Mid-Infrared Spectrum of the Disk around the Forming Companion GQ Lup B Revealed by JWST/MIRI

TL;DR

This study uses JWST/MIRI mid-infrared spectroscopy to analyze the disk around the forming brown dwarf GQ Lup B, revealing grain growth and potential disk structure features crucial for understanding planetary formation.

Contribution

First MIR spectroscopic observations of GQ Lup B's disk with high-contrast imaging, demonstrating the potential of JWST/MIRI for studying circumplanetary disks around forming companions.

Findings

No silicate feature detected, indicating grain growth and dust settling.

Possible presence of an inner cavity larger than sublimation radius.
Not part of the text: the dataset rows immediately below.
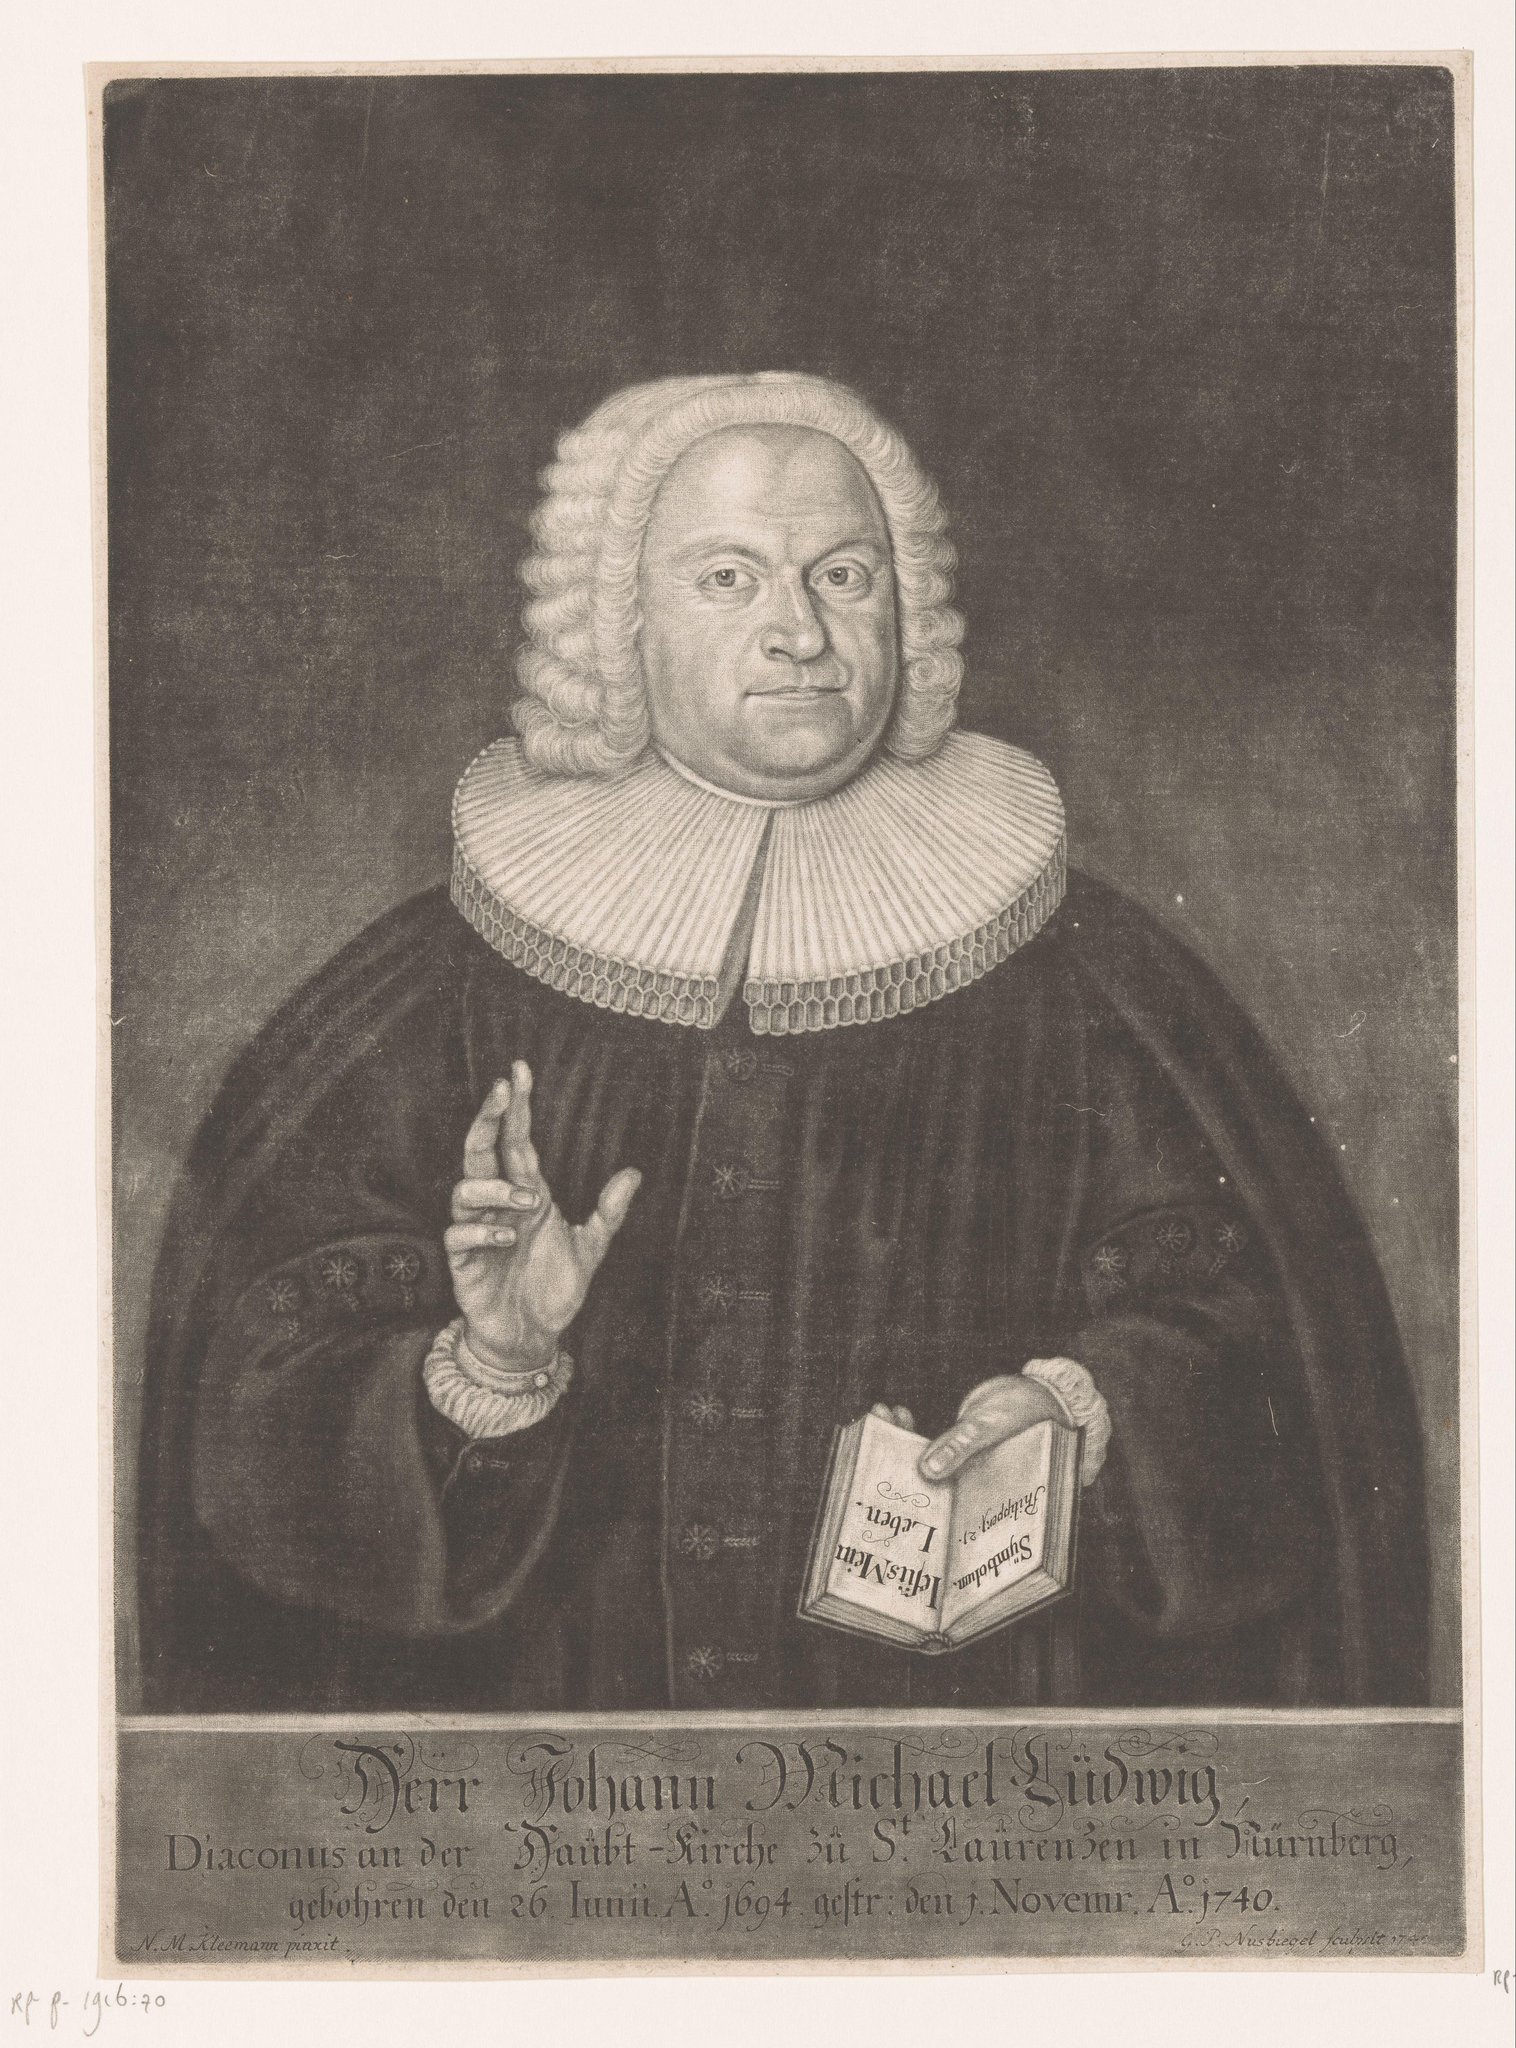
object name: print
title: Portret van Johann Michael Ludwig
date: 1740
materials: paper
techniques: mezzotint
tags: historical persons
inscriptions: collector's mark: Lugt 2228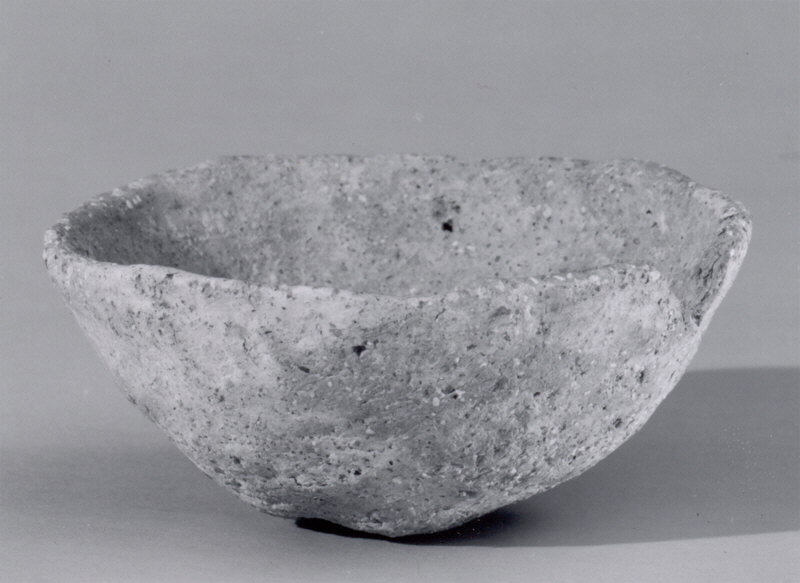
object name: bowl
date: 3500-3300 BCE
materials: ceramic
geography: levant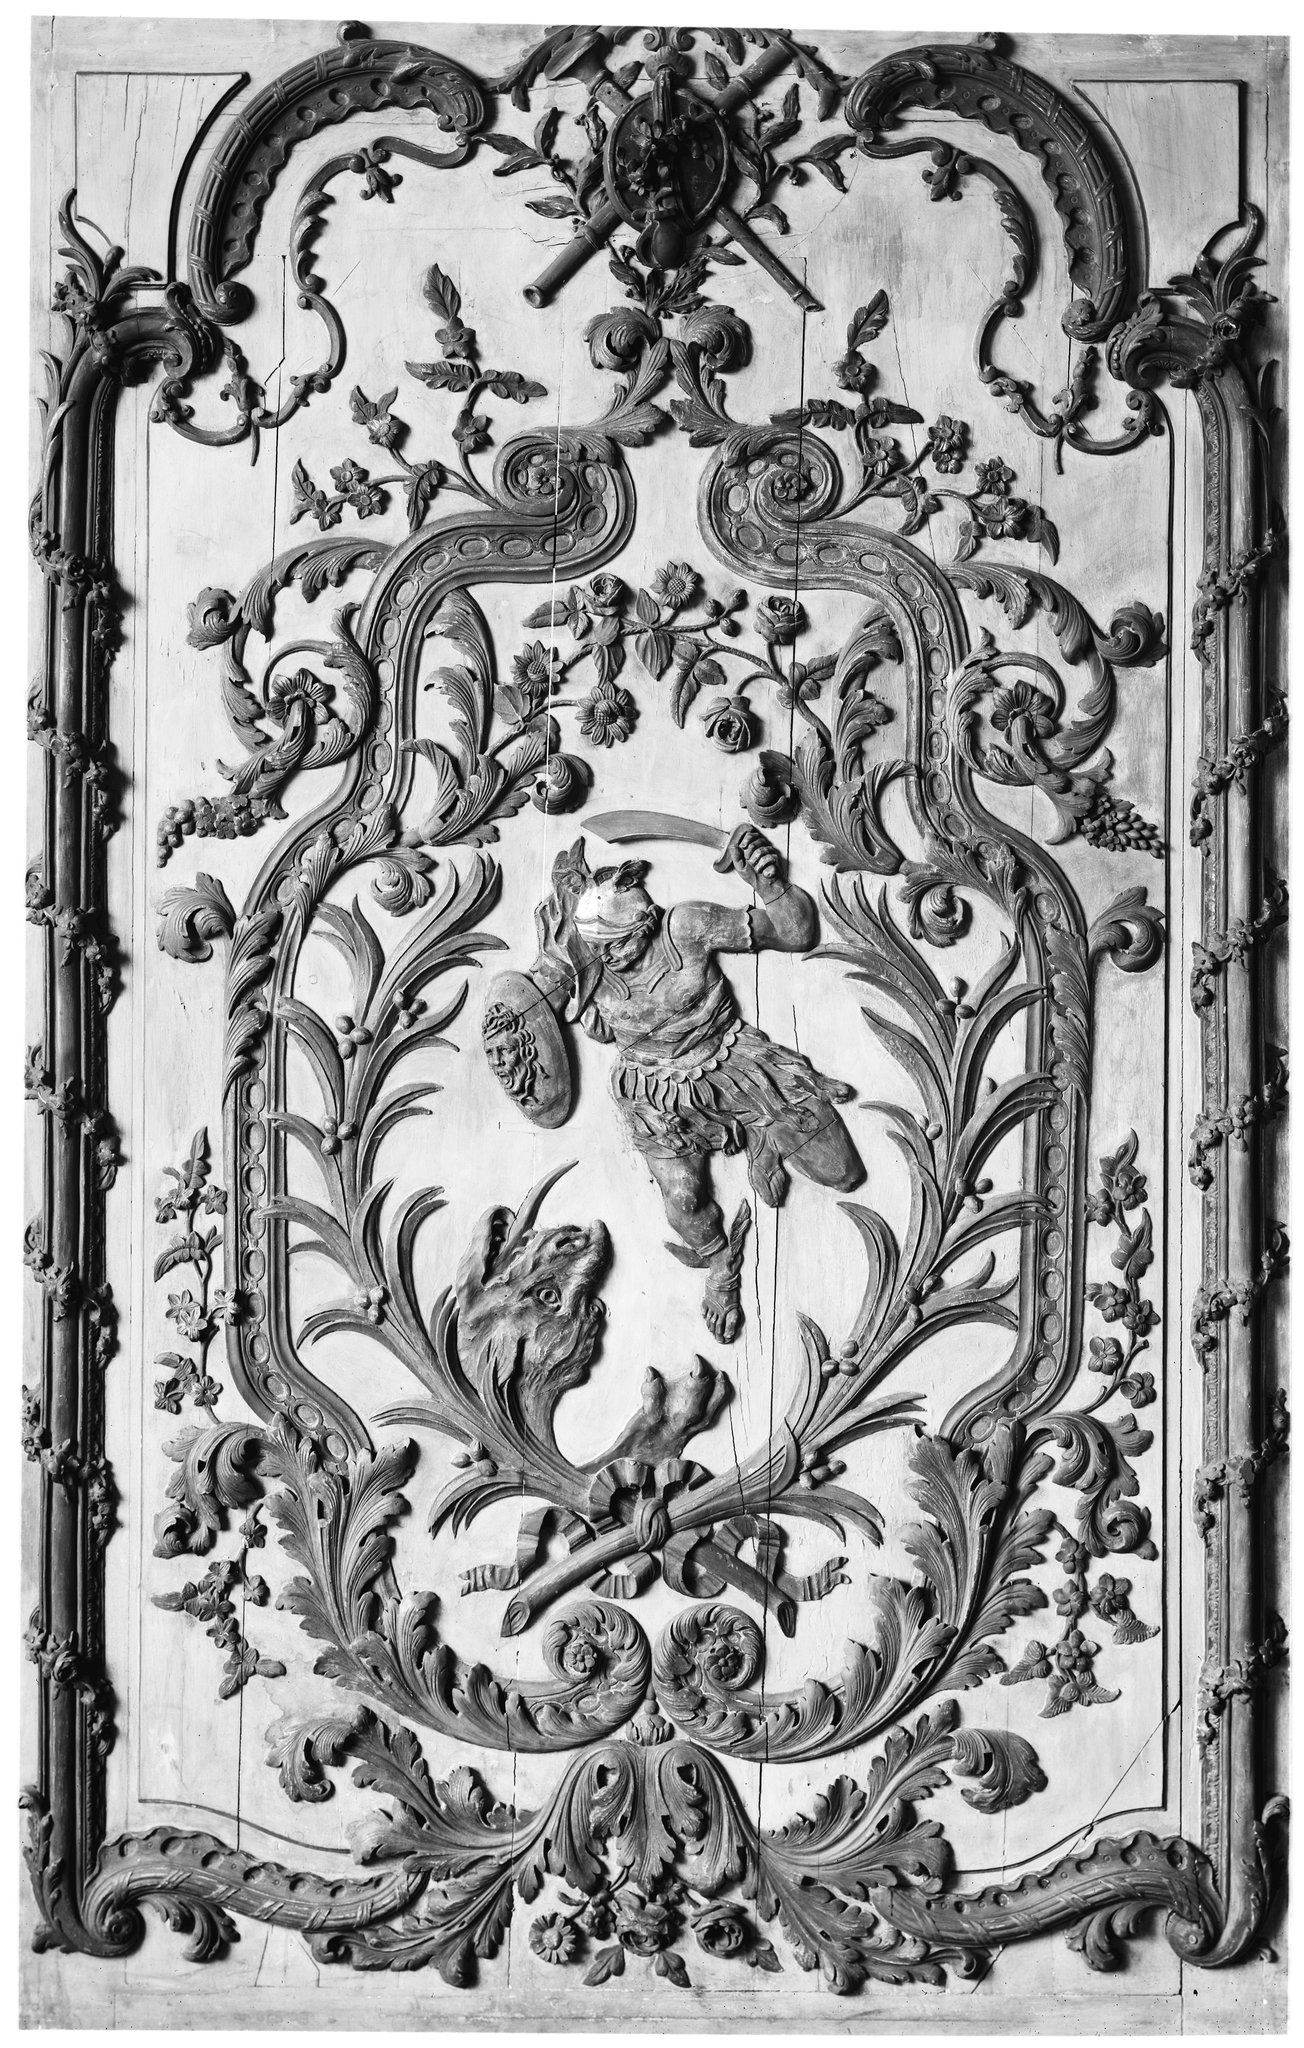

Disk may be very compact or have a large inner cavity, requiring further observations.

Abstract

GQ Lup B is a forming brown dwarf companion ($M\sim10-30~M_J$) showing evidence for an infrared excess associated with a disk surronding the companion itself. Here we present mid-infrared (MIR) observations of GQ Lup B with the Medium Resolution Spectrograph (MRS) on JWST, spanning $4.8-11.7~\mu$m. We remove the stellar contamination using reference differential imaging based on principal component analysis (PCA), demonstrating that the MRS can perform high-contrast science. Our observations provide a sensitive probe of the disk surrounding GQ Lup B. We find no sign of a silicate feature, similar to other disk surrounding very low mass objects, which likely implies significant grain growth ($a_{\mathrm{min}}\gtrsim5~\mu$m), and potentially dust settling. Additionally, we find that if the emission is dominated by an inner wall, the disk around the companion might have an inner cavity larger than the one set by sublimation. Conversely, if our data probe the emission from a thin flat disk, we find the disk to be very compact. More observations are required to confirm this finding and assess the vertical structure of the disk. This approach paves the path to the future study of circumplanetary disks and their physical properties. Our results demonstrate that MIR spectroscopic observations can reveal the physical characteristics of disks around forming companions, providing unique insights into the formation of giant planets, brown dwarfs and their satellites.